Fort Wayne Fire Department plans to have firefighters with advanced life-saving training on each fire engine

The Fort Wayne Fire Department plans to increase the number of firefighters with advanced life-saving training so crews can provide life-saving help as soon as they arrive at emergencies. ( file photo)

The Fort Wayne Fire Department plans to be even more effective when responding to emergencies.

By July, the department hopes to have nearly 80 firefighters trained in advanced life support on the crews of 18 of its fire engines, Chief Eric Lahey said Tuesday. That would allow the department to have firefighters trained in advanced lifesaving on every fire engine every day so they can start lifesaving care as soon as they arrive at an emergency situation.

Lahey and Mayor Tom Henry talked about the fire department’s work to keep people safe during a news conference outside the mayor’s office in Citizens Square, 200 E. Berry St.

The fire department currently has six engines operating with an advanced emergency medical technician (EMT) or paramedic on the crew.

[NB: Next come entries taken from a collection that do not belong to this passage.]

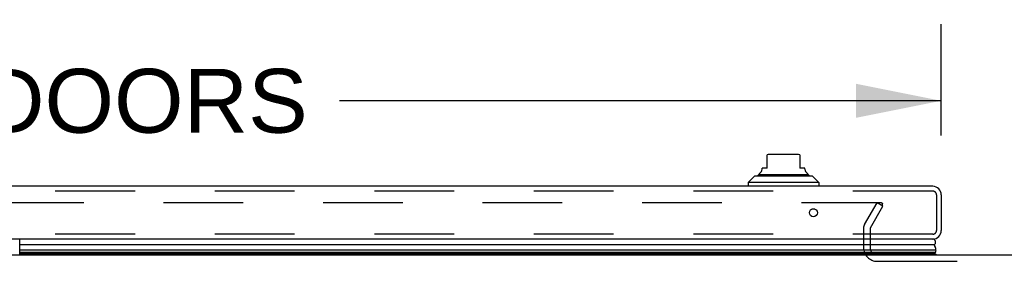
# Model space of a CAD drawing. Header units: inches. Extents: x 0 to 227, y 0 to 147.
# Tile 27 of 256: x 56 to 71, y 26 to 30. Entities that reach past the tile are written whole.
import ezdxf

# ---------------------------------------------------------------- set-up
doc = ezdxf.new("R2010")
doc.units = ezdxf.units.IN
doc.header["$LTSCALE"] = 12.466667
doc.header["$MEASUREMENT"] = 0
doc.linetypes.add('HIDDEN', pattern=[0.2, 0.1, -0.1])
doc.layers.get('0').update_dxf_attribs({"linetype": 'CONTINUOUS'})
for name, color, linetype in [('DEFAULT_2', 8, 'HIDDEN'), ('DIMENSIONS', 7, 'CONTINUOUS'), ('LEFTHAND_DOOR_ASSEMBLY', 7, 'CONTINUOUS')]:
    doc.layers.add(name, color=color, linetype=linetype)
doc.styles.get("Standard").update_dxf_attribs({"font": 'arial.ttf'})
doc.dimstyles.new('DIMSTYLE_1', dxfattribs={"dimtxt": 1, "dimasz": 1.333333, "dimexe": 0.09, "dimexo": 0.07, "dimgap": 0.0375, "dimtad": 0, "dimtih": 1, "dimtoh": 1, "dimzin": 4, "dimdsep": 46, "dimtxsty": 'Standard', "dimblk": '_FILLED', "dimblk1": '_FILLED', "dimblk2": '_FILLED', "dimcen": 0.09, "dimadec": 3, "dimazin": 1, "dimtfac": 1, "dimtdec": 3, "dimtofl": 0, "dimtmove": 0, "dimatfit": 3, "dimldrblk": '_FILLED', "dimfxl": 0, "dimtolj": 1, "dimtzin": 4, "dimarcsym": 0})

# ---------------------------------------------------------------- blocks, each defined once
blk = doc.blocks.new('_FILLED')
at = {"color": 0, "linetype": 'ByBlock'}
blk.add_solid([(0, 0), (-1, 0.2), (-1, -0.2)], dxfattribs=at)
blk = doc.blocks.new('*D9')
at = {"layer": 'DIMENSIONS', "color": 2, "linetype": 'Continuous'}
for p, q in [((41.495, 28.034), (41.495, 29.775)), ((70.307, 28.034), (70.307, 29.775)), ((41.495, 28.575), (50.903, 28.575)), ((70.307, 28.575), (60.899, 28.575))]:
    blk.add_line(p, q, dxfattribs=at)
at = {"layer": 'DIMENSIONS', "color": 2, "linetype": 'Continuous', "xscale": 1.3333333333, "yscale": 1.3333333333, "zscale": 1.3333333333, "rotation": 180}
blk.add_blockref('_FILLED', (41.495, 28.575), dxfattribs=at)
at = {"layer": 'DIMENSIONS', "color": 2, "linetype": 'Continuous', "xscale": 1.3333333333, "yscale": 1.3333333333, "zscale": 1.3333333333}
blk.add_blockref('_FILLED', (70.307, 28.575), dxfattribs=at)
at = {"layer": 'DIMENSIONS', "color": 2, "linetype": 'Continuous', "insert": (55.901, 29.075), "char_height": 1, "width": 8.99628, "attachment_point": 2, "line_spacing_factor": 0.9}
blk.add_mtext('28.81 DOORS', dxfattribs=at)

msp = doc.modelspace()

# ---------------------------------------------------------------- linework, layer by layer
at = {"color": 7, "linetype": 'Continuous'}
msp.add_line((42.589, 26.166), (99.089, 26.166), dxfattribs=at)
at = {"layer": 'DEFAULT_2', "color": 8, "linetype": 'HIDDEN'}
for p, q in [((69.37, 26.978), (42.407, 26.978)), ((69.108, 26.638), (69.304, 26.978)), ((69.394, 26.926), (69.304, 26.978)), ((69.385, 26.913), (69.385, 26.965)), ((69.198, 26.586), (69.394, 26.926)), ((69.089, 26.57), (69.089, 26.281)), ((69.193, 26.571), (69.193, 26.281)), ((69.308, 26.062), (72.37, 26.062))]:
    msp.add_line(p, q, dxfattribs=at)
for points in [[(69.37, 26.978), (69.372, 26.978), (69.374, 26.978), (69.375, 26.977), (69.377, 26.977), (69.378, 26.976), (69.38, 26.975), (69.381, 26.974), (69.382, 26.973), (69.383, 26.972), (69.384, 26.971), (69.384, 26.969), (69.385, 26.968), (69.385, 26.967), (69.385, 26.965)], [(69.385, 26.965), (69.385, 26.965), (69.385, 26.964), (69.385, 26.962), (69.384, 26.961), (69.384, 26.959)]]:
    msp.add_lwpolyline(points, dxfattribs=at)
for centre, radius, start, end in [((69.226, 26.57), 0.137, 150, 180), ((69.226, 26.57), 0.033, 150, 180), ((69.308, 26.281), 0.219, 180, 270), ((69.308, 26.281), 0.115, 180, 270)]:
    msp.add_arc(centre, radius, start, end, dxfattribs=at)
at = {"layer": 'LEFTHAND_DOOR_ASSEMBLY', "color": 7, "linetype": 'Continuous'}
for p, q in [((67.583, 27.519), (67.583, 27.729)), ((68.056, 27.736), (67.623, 27.736)), ((68.095, 27.729), (68.095, 27.519)), ((67.386, 27.393), (67.288, 27.295)), ((68.292, 27.393), (67.386, 27.393)), ((67.455, 27.421), (68.223, 27.421)), ((67.505, 27.506), (67.505, 27.519)), ((67.583, 27.519), (67.505, 27.519)), ((68.174, 27.519), (68.095, 27.519)), ((68.174, 27.506), (68.174, 27.519)), ((68.292, 27.393), (68.39, 27.295)), ((67.288, 27.295), (67.288, 27.236)), ((68.39, 27.295), (67.288, 27.295)), ((68.39, 27.295), (68.39, 27.236)), ((68.331, 26.881), (68.284, 26.881)), ((55.903, 26.166), (55.903, 26.411)), ((70.194, 26.319), (55.903, 26.319)), ((55.903, 26.243), (70.223, 26.243)), ((70.214, 26.2), (55.903, 26.2)), ((70.207, 26.186), (55.903, 26.186)), ((70.205, 26.178), (55.903, 26.178)), ((70.226, 26.166), (70.205, 26.178))]:
    msp.add_line(p, q, dxfattribs=at)
at = {"layer": 'LEFTHAND_DOOR_ASSEMBLY', "color": 3, "linetype": 'Continuous'}
for p, q in [((70.172, 27.236), (41.63, 27.236)), ((70.307, 27.101), (70.307, 26.546)), ((70.172, 26.411), (41.63, 26.411))]:
    msp.add_line(p, q, dxfattribs=at)
at = {"layer": 'LEFTHAND_DOOR_ASSEMBLY', "color": 8, "linetype": 'HIDDEN'}
for p, q in [((70.172, 27.161), (41.63, 27.161)), ((70.232, 27.101), (70.232, 26.546)), ((70.172, 26.486), (41.63, 26.486))]:
    msp.add_line(p, q, dxfattribs=at)
at = {"layer": 'LEFTHAND_DOOR_ASSEMBLY', "color": 7, "linetype": 'Continuous'}
for points in [[(70.223, 26.243), (70.223, 26.251), (70.222, 26.259), (70.22, 26.267), (70.218, 26.274), (70.216, 26.282), (70.212, 26.29), (70.209, 26.297), (70.205, 26.304), (70.2, 26.312), (70.194, 26.319)], [(70.207, 26.186), (70.209, 26.19), (70.211, 26.193), (70.212, 26.197), (70.214, 26.2)]]:
    msp.add_lwpolyline(points, dxfattribs=at)
at = {"layer": 'LEFTHAND_DOOR_ASSEMBLY', "color": 3, "linetype": 'Continuous'}
msp.add_circle((68.307, 26.823), 0.0625, dxfattribs=at)
at = {"layer": 'LEFTHAND_DOOR_ASSEMBLY', "color": 7, "linetype": 'Continuous'}
for centre, radius, start, end in [((67.623, 27.618), 0.118, 90, 109.4785), ((68.056, 27.618), 0.118, 70.5253, 90), ((67.475, 27.372), 0.0492, 90, 153.8851), ((67.475, 27.421), 0.0197, 120, 180.1146), ((67.426, 27.506), 0.0787, 300, 360), ((68.253, 27.506), 0.0787, 180, 240), ((68.203, 27.372), 0.0492, 26.1149, 90), ((68.203, 27.421), 0.0197, 359.8854, 60), ((70.167, 26.361), 0.05, 302.6718, 84.7383), ((70.177, 26.19), 0.03, 336.2022, 353.588), ((70.167, 26.232), 0.0569, 325.4331, 11.2885)]:
    msp.add_arc(centre, radius, start, end, dxfattribs=at)
at = {"layer": 'LEFTHAND_DOOR_ASSEMBLY', "color": 3, "linetype": 'Continuous'}
for centre, start, end in [((70.172, 27.101), 0, 90), ((70.172, 26.546), 270, 360)]:
    msp.add_arc(centre, 0.135, start, end, dxfattribs=at)
at = {"layer": 'LEFTHAND_DOOR_ASSEMBLY', "color": 8, "linetype": 'HIDDEN'}
for centre, start, end in [((70.172, 27.101), 0, 90), ((70.172, 26.546), 270, 360)]:
    msp.add_arc(centre, 0.06, start, end, dxfattribs=at)
at = {"layer": 'LEFTHAND_DOOR_ASSEMBLY', "color": 7, "linetype": 'Continuous'}
for start_param, end_param in [(-3.140119, -2.674506), (2.795492, 2.881148)]:
    msp.add_ellipse((69.958, 26.243), major_axis=(-0.265, 0), ratio=0.632157, start_param=start_param, end_param=end_param, dxfattribs=at)

# ---------------------------------------------------------------- dimensions: what is measured, and where the dimension line sits
at = {"layer": 'DIMENSIONS', "color": 2, "linetype": 'Continuous'}
dim = msp.add_linear_dim(base=(41.495, 28.575), p1=(70.307, 29.845), p2=(41.495, 29.845), angle=180, text='<> DOORS', dimstyle='DIMSTYLE_1', dxfattribs=at)
dim.commit()
dim.dimension.update_dxf_attribs({"geometry": '*D9', "text_midpoint": (55.901, 28.575), "dimtype": 160})

doc.saveas('drawing.dxf')

Fifty-eight firefighters are trained in advanced life support, are awaiting their certification paperwork or will be trained by July, Lahey said. The department’s new recruit class of 21 candidates, which begins in March, also will go through advanced life-support training, boosting the department total to 79 firefighters with advanced lifesaving skills.

Here are some other highlights from Lahey:

• In 2017, the fire department added three new fire engines and ordered two new ladder trucks. The engines are in service now, Lahey said, and the ladder trucks likely will be in use by early spring. The ladder trucks will be located at Station No. 1 downtown on Main Street and at Station No. 17 on Getz Road.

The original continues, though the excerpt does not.